Oxygen vacancy induced A-site ordering of a superior perovskite ferrite anode for solid oxide fuel cells

Introducing pentavalent niobium stabilizes perovskite lattice of ferrites but reduces oxygen vacancy content. While oxygen vacancies are beneficial for gas adsorption, ion diffusion, and catalytic activity in perovskites, this trade-off is a challenge. Herein, by adjusting A-site rare earth/alkaline earth ratio, we synthesize ABO₃-structured perovskite oxides Pr_0.75Sr_0.25Fe_0.875Nb_0.125O_3-δ (PSFN6271) and Pr_0.5Sr_0.5Fe_0.875Nb_0.125O_3-δ (PSFN4471) and evaluate their electrochemical performance as anodes for solid oxide fuel cells.
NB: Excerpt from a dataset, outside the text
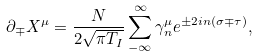<formula> <loc_0><loc_0><loc_500><loc_500>\partial _ { \mp } X ^ { \mu } = \frac { N } { 2 \sqrt { \pi T _ { I } } } \sum _ { - \infty } ^ { \infty } \gamma _ { n } ^ { \mu } e ^ { \pm 2 i n ( \sigma \mp \tau ) } ,</formula>

PSFN4471 undergoes phase transition in reducing environment, from orthorhombic simple perovskite to tetragonal A-site ordered layered perovskite PrSrFe_1.75Nb_0.25O_6-δ (L-PSFN4471), with the exsolution of Fe⁰ nanoparticles. High performance, superior coking and sulfur tolerance are demonstrated for L-PSFN4471 anode. We reveal that oxygen vacancy formation is the driven force for the A-site ordering of PSFN4471 and study the differences between PSFN6271 and PSFN4471 in physiochemical properties and electrochemical performance. We demonstrate that the L-PSFN4471 is a high-performance and promising SOFC alternative anode with considerable coking and sulfur poisoning resistance.